Dennis has been informed, but Ahn seems to be the only one to know the registar info and server IP.

Anyone know the previous Public IP?


----------



## Wompa (Oct 30, 2009)

https://web.archive.org/web/*/www.corrado-club.ca


----------



## a_riot (Jun 14, 2005)

91GSiXTY said:


> Dennis has been informed, but Ahn seems to be the only one to know the registar info and server IP.
> 
> Anyone know the previous Public IP?


Not sure how having the previous IP address would help. The registration ends in 5 days, so if someone can register it and host it that would work. But who has the files? Ahn or Dennis? Dennis was the site admin, so he must have the files on backup somewhere.

corrado-club.ca is Registered.
whois lookup at whois.cira.ca...
Domain name: corrado-club.ca
Domain status: to be released
TBR Release date: 2017/03/15
DNSSEC: Unsigned


----------



## 91GSiXTY (Jun 11, 2001)

I finally got ahold of Ahn. He is looking at getting the site back up and restored.
:beer::beer::beer::beer::beer: 5 Canadian Beers!


----------



## TonySkate (Nov 16, 2012)

91GSiXTY said:


> I finally got ahold of Ahn. He is looking at getting the site back up and restored.
> 5 Canadian Beers!


Great news!!!! Thanks!


----------



## mateok (Mar 14, 2001)

All the stubbies for CCC!


----------



## a_riot (Jun 14, 2005)

3 cheers for hosers, b'y!

3 éloges pour les Canadiens!


----------



## turtledub (May 10, 2006)

Sweet! 

Sent from my LG-H830 using Tapatalk


----------



## [email protected] (Jan 15, 2006)

Hey guys

I was able to get some help to get this site back. I wasn't checking the email for the registration for the longest time but to make a long story short we either can get the domain back on the 15th or have to register a new one (corradoclub.ca), if someone snags it. Anyways, the site need an overhaul and someone needs to step in cause I haven't got the time of the tech knowledge to transfer the forum over. Hope you guys can help do that later. 

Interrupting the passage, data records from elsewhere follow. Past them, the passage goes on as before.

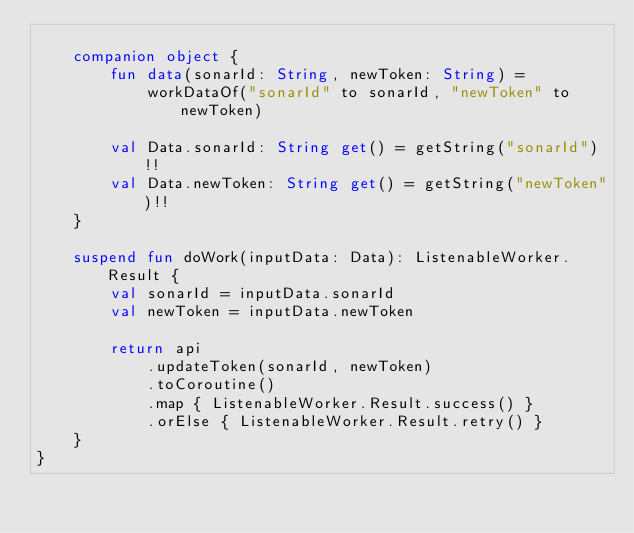<code> <loc_0><loc_0><loc_500><loc_500><_Kotlin_>
    companion object {
        fun data(sonarId: String, newToken: String) =
            workDataOf("sonarId" to sonarId, "newToken" to newToken)

        val Data.sonarId: String get() = getString("sonarId")!!
        val Data.newToken: String get() = getString("newToken")!!
    }

    suspend fun doWork(inputData: Data): ListenableWorker.Result {
        val sonarId = inputData.sonarId
        val newToken = inputData.newToken

        return api
            .updateToken(sonarId, newToken)
            .toCoroutine()
            .map { ListenableWorker.Result.success() }
            .orElse { ListenableWorker.Result.retry() }
    }
}
</code> 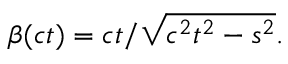Convert formula to latex. <formula><loc_0><loc_0><loc_500><loc_500>\beta ( c t ) = c t / { \sqrt { c ^ { 2 } t ^ { 2 } - s ^ { 2 } } } .</formula> 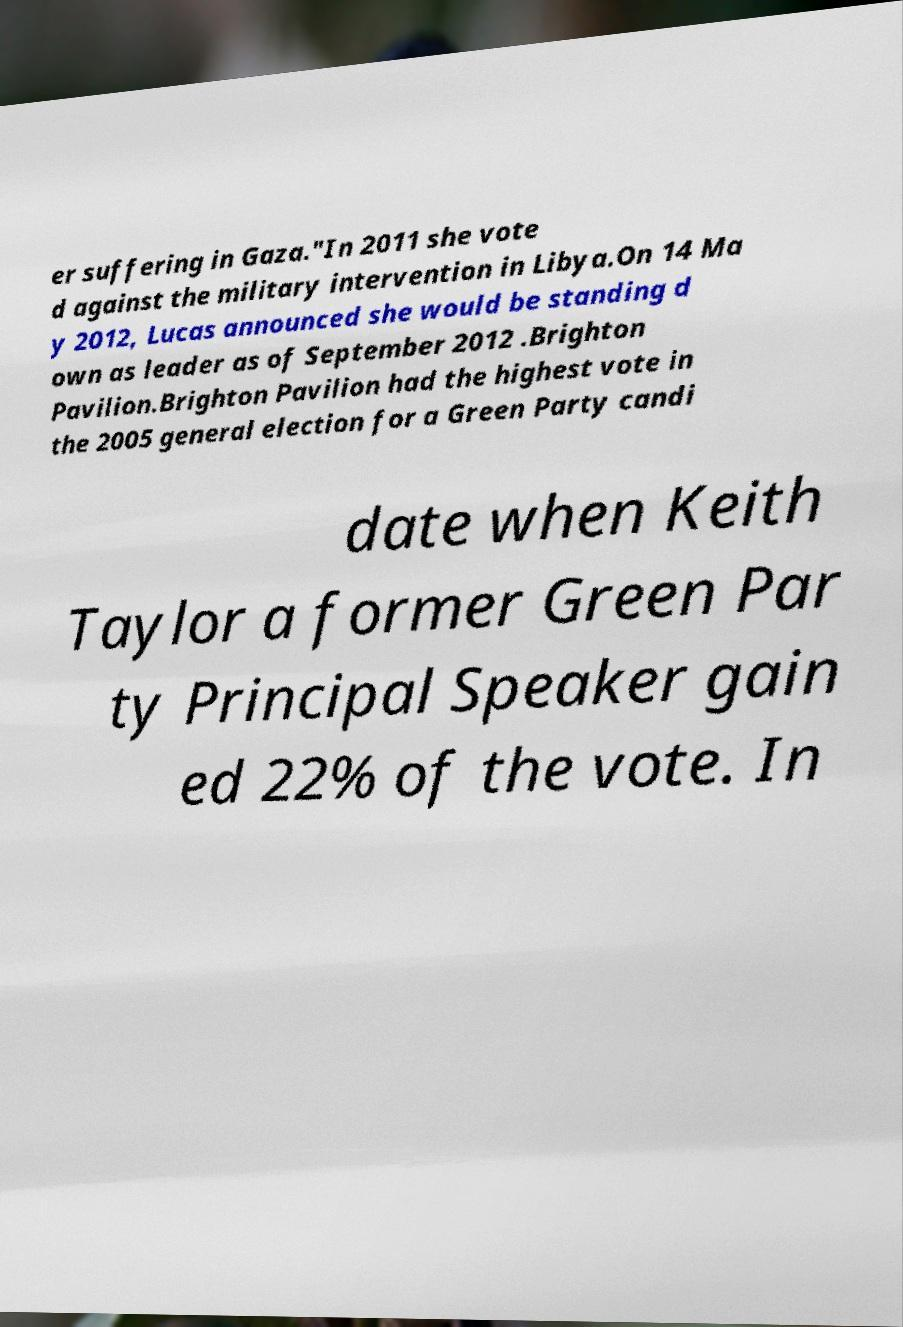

Hope you guys are doing well and your cars too lol


----------



## a_riot (Jun 14, 2005)

[email protected] said:


> Hey guys
> 
> I was able to get some help to get this site back. I wasn't checking the email for the registration for the longest time but to make a long story short we either can get the domain back on the 15th or have to register a new one (corradoclub.ca), if someone snags it. Anyways, the site need an overhaul and someone needs to step in cause I haven't got the time of the tech knowledge to transfer the forum over. Hope you guys can help do that later.
> 
> Hope you guys are doing well and your cars too lol


I can help if need be, having some tech edukashun. Let me know what's needed and I can see what I can do to help. corradoclub.ca is probably a better URL anyway, without the hyphen. I just signed up for a free AWS account, and am trying things out. Might be a good place to host it. Thanks for looking into it. I can't register the .ca domain, not having Canadian residency, but perhaps Dennis can.


----------



## 91GSiXTY (Jun 11, 2001)

a_riot said:


> corradoclub.ca is probably a better URL anyway, without the hyphen.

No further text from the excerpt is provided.